Настасья, прекрасно знавшая свою барыню, пододвинулась поближе и склонила голову к самым хозяйкиным устам. Она не ошиблась.
– Я боюсь, Настя, – жарко выдохнула Агафоклея Алексеевна. – Николай-то тоже сперва не спал неделями, а потом припадки начались. Боюсь за Зизи.
Вот теперь госпожа Маркова владела живой речью. Она сверлила прислугу лихорадочным взглядом, забыв о болях в коленях и не замечая, что целебный напиток льётся из наклоненной кружки прямо на постель.
– Доктор сказал – отдых, спокойная обстановка, – пробормотала девка, отбирая кружку из худеньких ладоней.
Агафоклея Алексеевна замерла, превращаясь в статую с вытаращенными глазами, потом глубоко вздохнула и произнесла громко:
– Дурак – твой доктор. Жалостное сюсюканье никогда не приносило пользы Виноградовым. Мне бы это раньше понять. Глядишь, и Коленька был бы здоров. Начинай завтра собираться, Настя. Для Зизи полезней будет хорошее веселье, хорошие танцы и хорошие кавалеры.
– Куда ж поедем?
Настасья в душе сомневалась в действенности такого лечения, но слова барыни её обрадовали. Девка сама искала повод предложить хозяйке что-то подобное. Правда, двигали Настасьей вполне практические соображения. Она была уверена, что Ефроксию Николаевну надо немедленно выдать замуж, чтобы прикрыть позор, пока он не обнаружился. Целых два дня девка ломала голову, как предложить барыне, не выдав тайну Фро. И уж, было, совсем решила чистосердечно признаться, а тут – вон как все хорошо обернулось. Благодаря доктору, а скорее, вопреки ему – ну да все равно!

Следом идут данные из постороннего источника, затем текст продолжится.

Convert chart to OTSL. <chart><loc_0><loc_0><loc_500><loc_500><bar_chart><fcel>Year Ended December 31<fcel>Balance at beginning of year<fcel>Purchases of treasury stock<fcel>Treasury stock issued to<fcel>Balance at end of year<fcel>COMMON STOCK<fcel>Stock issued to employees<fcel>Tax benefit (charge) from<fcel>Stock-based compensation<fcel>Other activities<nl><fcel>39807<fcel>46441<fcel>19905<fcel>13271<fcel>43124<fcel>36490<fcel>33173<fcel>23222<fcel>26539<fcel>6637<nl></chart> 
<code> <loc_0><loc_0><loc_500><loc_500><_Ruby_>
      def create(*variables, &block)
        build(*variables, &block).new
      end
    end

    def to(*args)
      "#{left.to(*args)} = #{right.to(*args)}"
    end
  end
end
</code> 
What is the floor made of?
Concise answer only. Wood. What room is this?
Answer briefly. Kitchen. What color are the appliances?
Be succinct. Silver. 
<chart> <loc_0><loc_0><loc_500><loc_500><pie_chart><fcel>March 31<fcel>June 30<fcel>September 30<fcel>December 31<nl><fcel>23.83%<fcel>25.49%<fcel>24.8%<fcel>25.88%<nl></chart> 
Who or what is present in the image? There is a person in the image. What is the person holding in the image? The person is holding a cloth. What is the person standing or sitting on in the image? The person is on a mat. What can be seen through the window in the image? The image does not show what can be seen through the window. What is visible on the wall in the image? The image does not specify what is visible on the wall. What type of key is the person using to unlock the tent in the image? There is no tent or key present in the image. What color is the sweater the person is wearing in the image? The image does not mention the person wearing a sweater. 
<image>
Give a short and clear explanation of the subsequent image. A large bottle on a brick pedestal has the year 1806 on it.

– Поедем в Коломну. Татьяна Юрьевна сейчас там. Она большая затейница по части развлечений, скучать не любит. Мишель говорит, там собралось вполне приличное общество.

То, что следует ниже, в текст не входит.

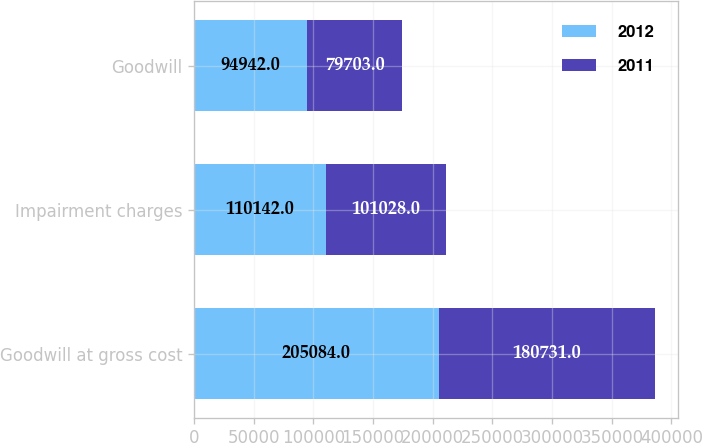Convert chart. <chart><loc_0><loc_0><loc_500><loc_500><stacked_bar_chart><ecel><fcel>Goodwill at gross cost<fcel>Impairment charges<fcel>Goodwill<nl><fcel>2012<fcel>205084<fcel>110142<fcel>94942<nl><fcel>2011<fcel>180731<fcel>101028<fcel>79703<nl></chart> 
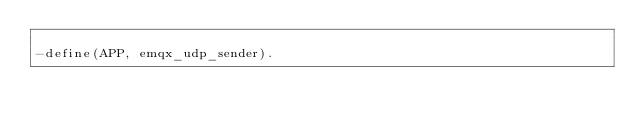Convert code to text. <code><loc_0><loc_0><loc_500><loc_500><_Erlang_>
-define(APP, emqx_udp_sender).
</code> 
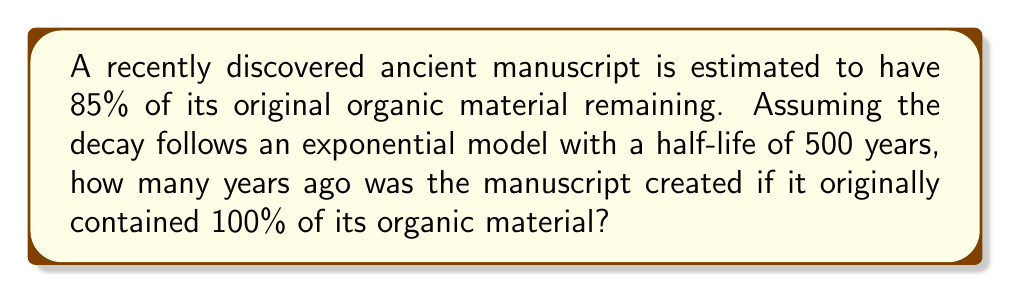Could you help me with this problem? Let's approach this step-by-step using the exponential decay function:

1) The general form of exponential decay is:

   $$ N(t) = N_0 e^{-\lambda t} $$

   Where $N(t)$ is the amount at time $t$, $N_0$ is the initial amount, and $\lambda$ is the decay constant.

2) We're given that 85% of the original material remains, so:

   $$ \frac{N(t)}{N_0} = 0.85 $$

3) We need to find $\lambda$ using the half-life. The half-life $t_{1/2}$ is related to $\lambda$ by:

   $$ t_{1/2} = \frac{\ln(2)}{\lambda} $$

4) Solving for $\lambda$:

   $$ \lambda = \frac{\ln(2)}{t_{1/2}} = \frac{\ln(2)}{500} $$

5) Now we can set up our equation:

   $$ 0.85 = e^{-(\frac{\ln(2)}{500})t} $$

6) Taking the natural log of both sides:

   $$ \ln(0.85) = -\frac{\ln(2)}{500}t $$

7) Solving for $t$:

   $$ t = -\frac{500 \ln(0.85)}{\ln(2)} \approx 119.4 $$

Therefore, the manuscript was created approximately 119 years ago.
Answer: 119 years 
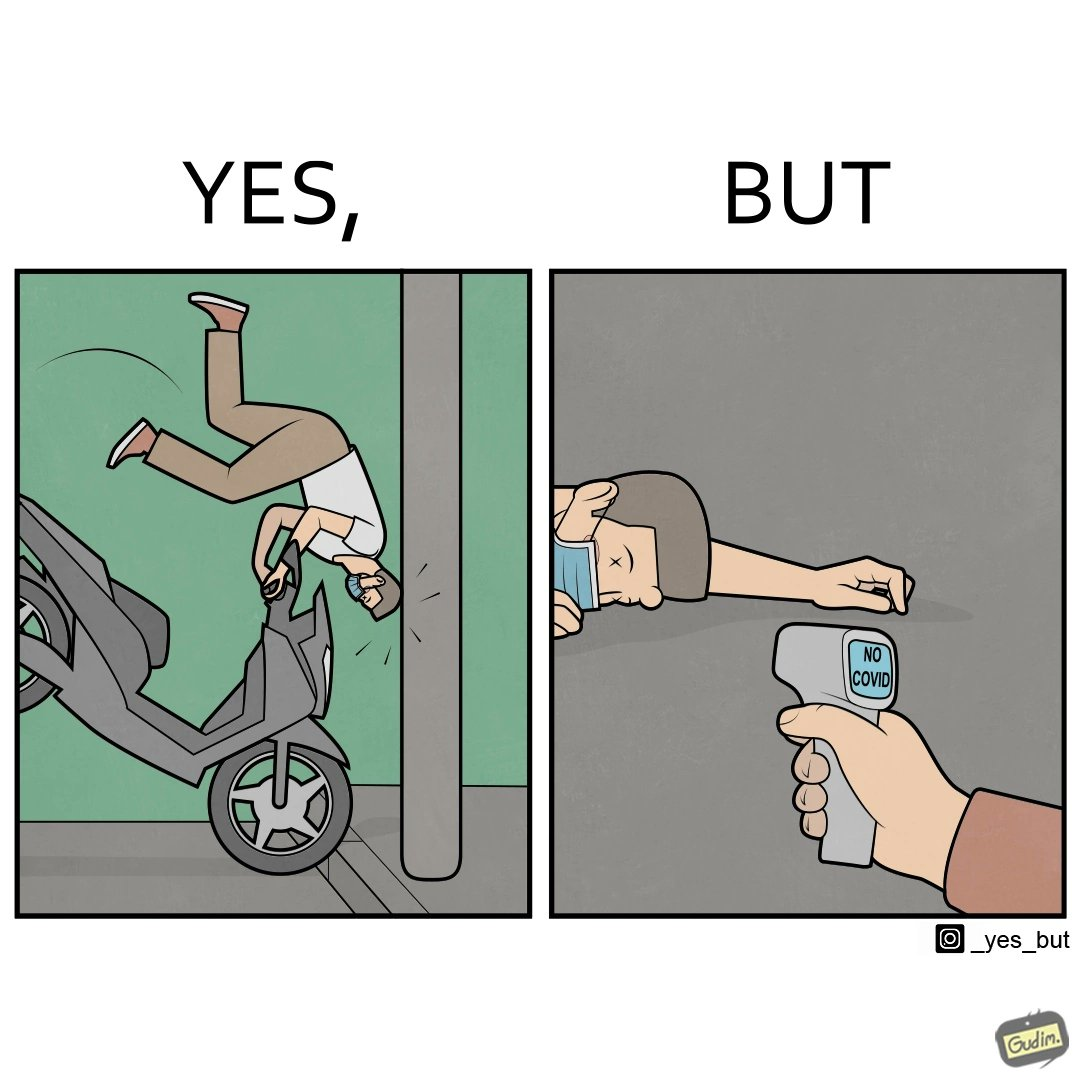Compare the left and right sides of this image. In the left part of the image: a person undergoing a road accident In the right part of the image: a person scanning a dead person for COVID

Известие о неожиданном отъезде привело Анету в восторг. Она щебетала без умолку, как сорока и норовила везде помочь, создавая ужасную суматоху.
Неважно чувствовавшая себя после бессонной ночи, Агафоклея Алексеевна не выдержала и взмолилась:
– Нета, душечка, съездили бы к Лунгиным. Повидались с Софочкой.
– О-о! – Анета враз загорелась новой идеей. – Можно мы пригласим её с собой в Коломну?
– Конечно.
– Превосходно! – девушка побежала резвой козочкой по ступеням, и её звонкий голосок жизнерадостно зазвенел, наполняя собой весь второй этаж дома. – Мишель! Мишенька!
Агафоклея Алексеевна весело улыбнулась, услышав протестующее бормотание сына. Мишель явно не изъявлял желания к утренним визитам.